[XLA:GPU] Add documentation to Priority Fusion pass.

derdrdirk · Google-ML-Automation · commit 1351df86ec0d · 2025-11-26T10:14:26.000-08:00
PiperOrigin-RevId: 837168939
diff --git a/xla/service/gpu/transforms/priority_fusion.h b/xla/service/gpu/transforms/priority_fusion.h
@@ -39,6 +39,45 @@ limitations under the License.
 namespace xla {
 namespace gpu {
 
+// PriorityFusion is the main fusion pass for XLA:GPU. It is an HLO pass that
+// assigns a priority to each producer instruction based on the estimated
+// performance benefit of fusing it into its consumers. The benefit is
+// calculated using a performance cost model:
+//
+//   priority = time_unfused - time_fused
+//
+// Note: If fusing a producer into its consumers requires duplicating the
+// producer, the cost model accounts for this duplication.
+//
+// The algorithm can be summarized in the following steps:
+// 1. For each producer, call the cost model to estimate the potential benefit
+//    of fusing it with all its consumers.

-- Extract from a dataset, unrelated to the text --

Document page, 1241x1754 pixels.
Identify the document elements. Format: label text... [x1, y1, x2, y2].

+// 2. Put all producers with a positive benefit into a priority queue, ordered
+//    by benefit.
+// 3. Pop the producer with the highest priority from the queue.
+// 4. Fuse the producer with its consumers. This may result in a new fusion
+//    instruction, or merging into an existing fusion.

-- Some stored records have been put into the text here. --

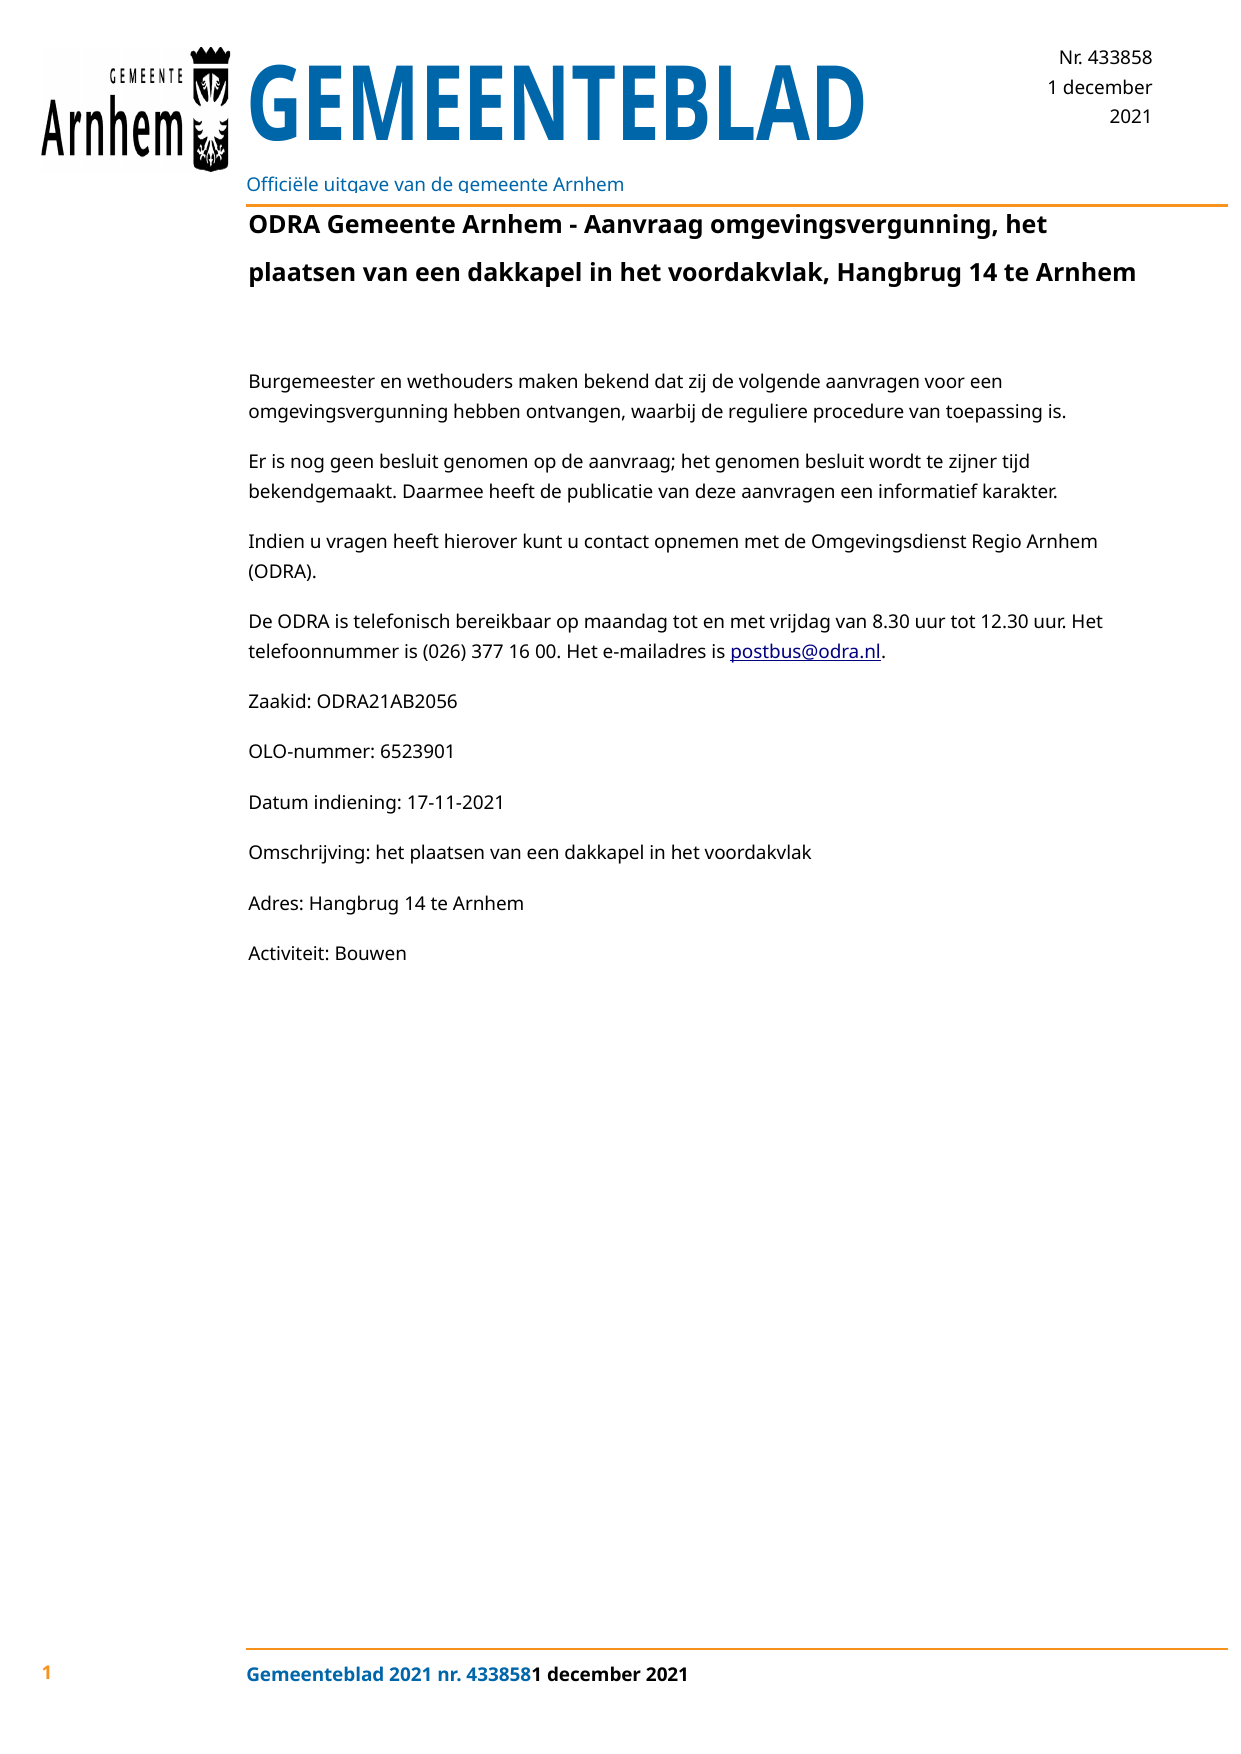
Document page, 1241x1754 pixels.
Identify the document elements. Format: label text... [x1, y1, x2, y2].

text Adres: Hangbrug 14 te Arnhem [248, 890, 1152, 916]
text Omschrijving: het plaatsen van een dakkapel in het voordakvlak [248, 839, 1152, 865]
text ODRA Gemeente Arnhem - Aanvraag omgevingsvergunning, het plaatsen van een dakkapel in het voordakvlak, Hangbrug 14 te Arnhem [248, 207, 1152, 288]
text Zaakid: ODRA21AB2056 [248, 688, 1152, 714]
text Er is nog geen besluit genomen op de aanvraag; het genomen besluit wordt te zijner tijd bekendgemaakt. Daarmee heeft de publicatie van deze aanvragen een informatief karakter. [248, 448, 1152, 504]
picture [41, 47, 231, 172]
text Activiteit: Bouwen [248, 940, 1152, 966]
text Indien u vragen heeft hierover kunt u contact opnemen met de Omgevingsdienst Regio Arnhem (ODRA). [248, 528, 1152, 584]
text Burgemeester en wethouders maken bekend dat zij de volgende aanvragen voor een omgevingsvergunning hebben ontvangen, waarbij de reguliere procedure van toepassing is. [248, 368, 1152, 424]
text OLO-nummer: 6523901 [248, 739, 1152, 764]
text De ODRA is telefonisch bereikbaar op maandag tot en met vrijdag van 8.30 uur tot 12.30 uur. Het telefoonnummer is (026) 377 16 00. Het e-mailadres is postbus@odra.nl. [248, 608, 1152, 664]
text Datum indiening: 17-11-2021 [248, 789, 1152, 815]

+// 5. Update the priorities of the operands of the fused instructions and
+//    of instructions whose consumers have changed, and update them in the
+//    priority queue.
+// 6. If the queue is not empty, go to step 3.
+//
+// Example:
+// Consider A -> B -> C, where A, B, and C are fusible operations.
+// The fusible producers are A and B.
+//
+// Priorities are computed:
+//  - P(A) = benefit of fusing A into B.

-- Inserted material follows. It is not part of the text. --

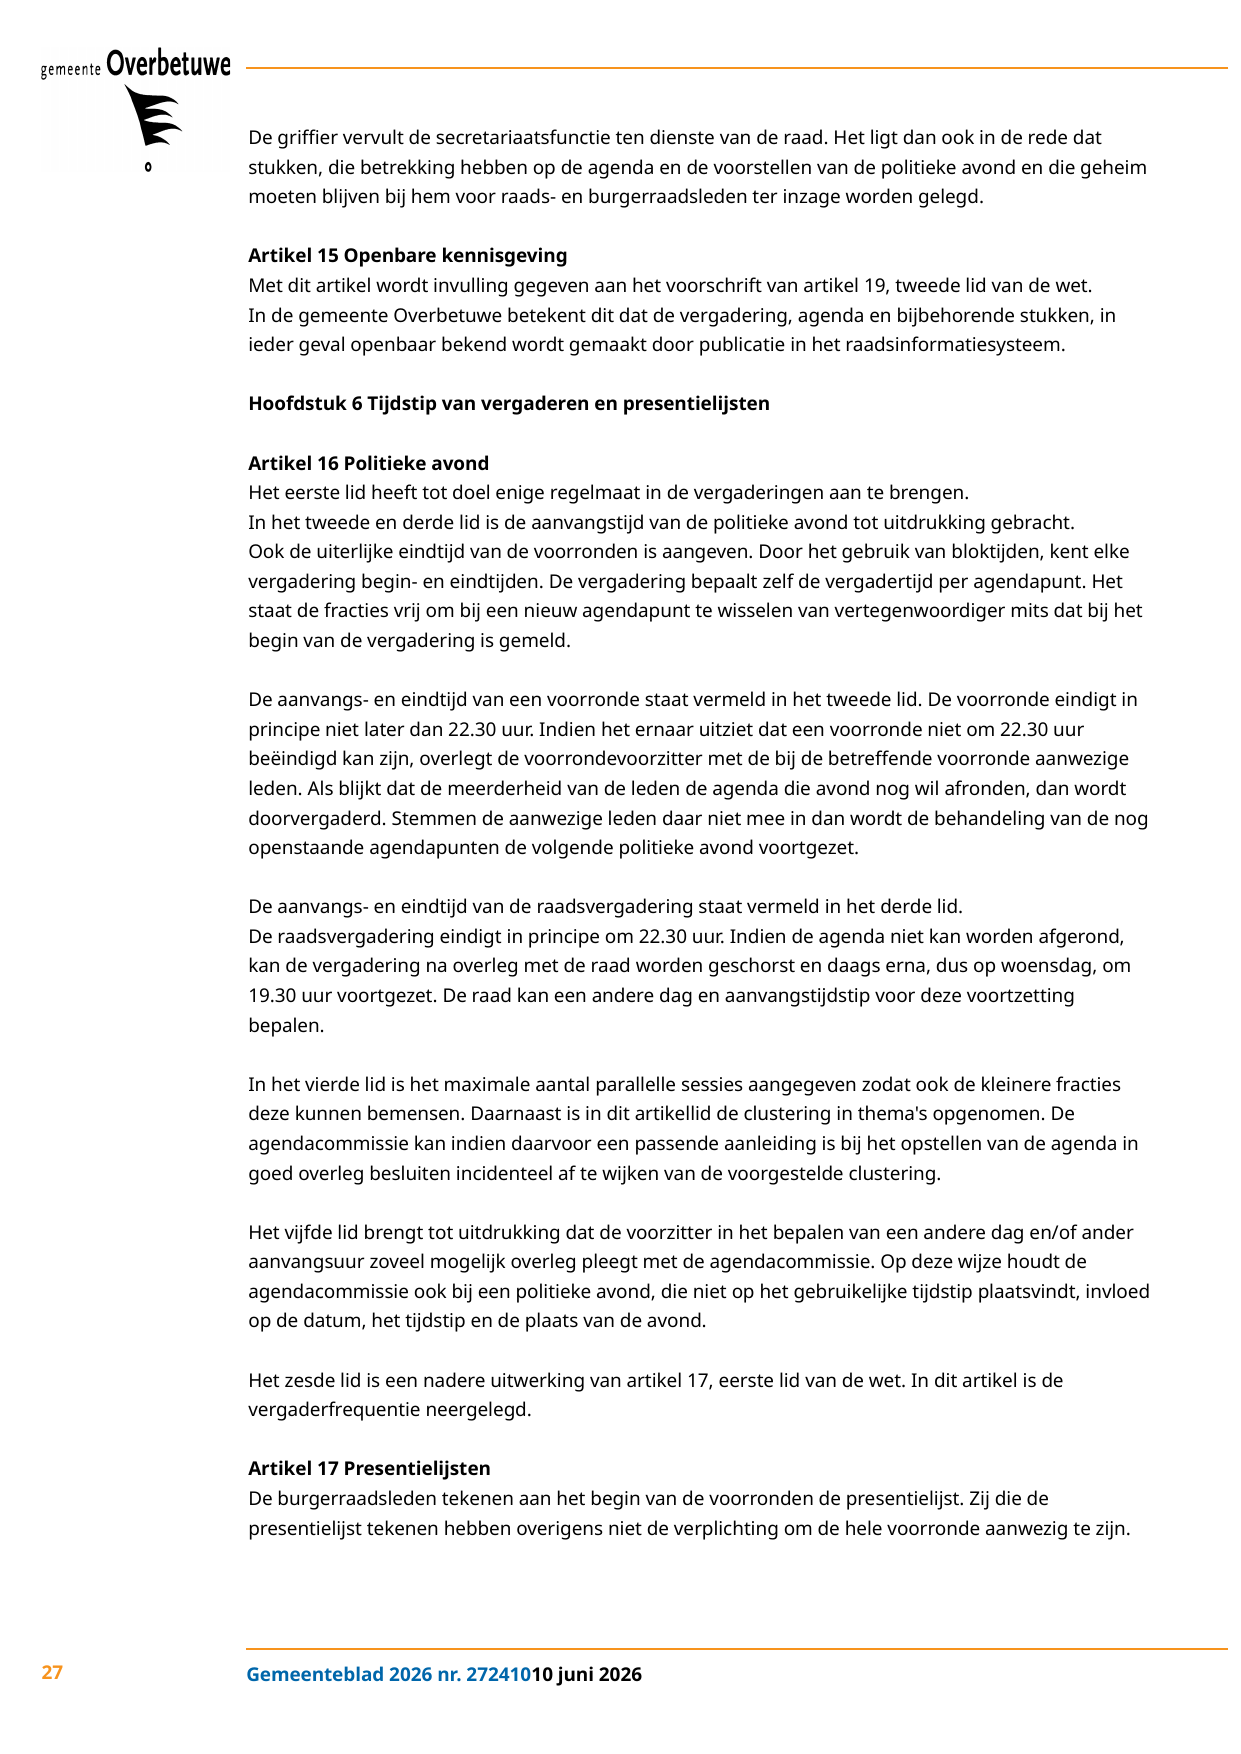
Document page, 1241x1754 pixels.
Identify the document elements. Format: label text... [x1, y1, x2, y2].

+//  - P(B) = benefit of fusing B into C.
+//
+// Assuming P(A)=10 and P(B)=5, the queue is [(A,10), (B,5)].
+//  - A is popped and fused into B, creating fusion(A+B).
+//  - The graph becomes fusion(A+B) -> C.
+//  - Priority of fusion(A+B) is computed, P(fusion(A+B))=8.
+//  - The queue becomes [(fusion(A+B),8)].
+//  - fusion(A+B) is popped and fused into C, creating fusion(A+B+C).
+//  - The queue becomes empty, and fusion terminates.
+//
 class PriorityFusion : public HloModulePass {
  public:
   PriorityFusion(tsl::thread::ThreadPool* thread_pool,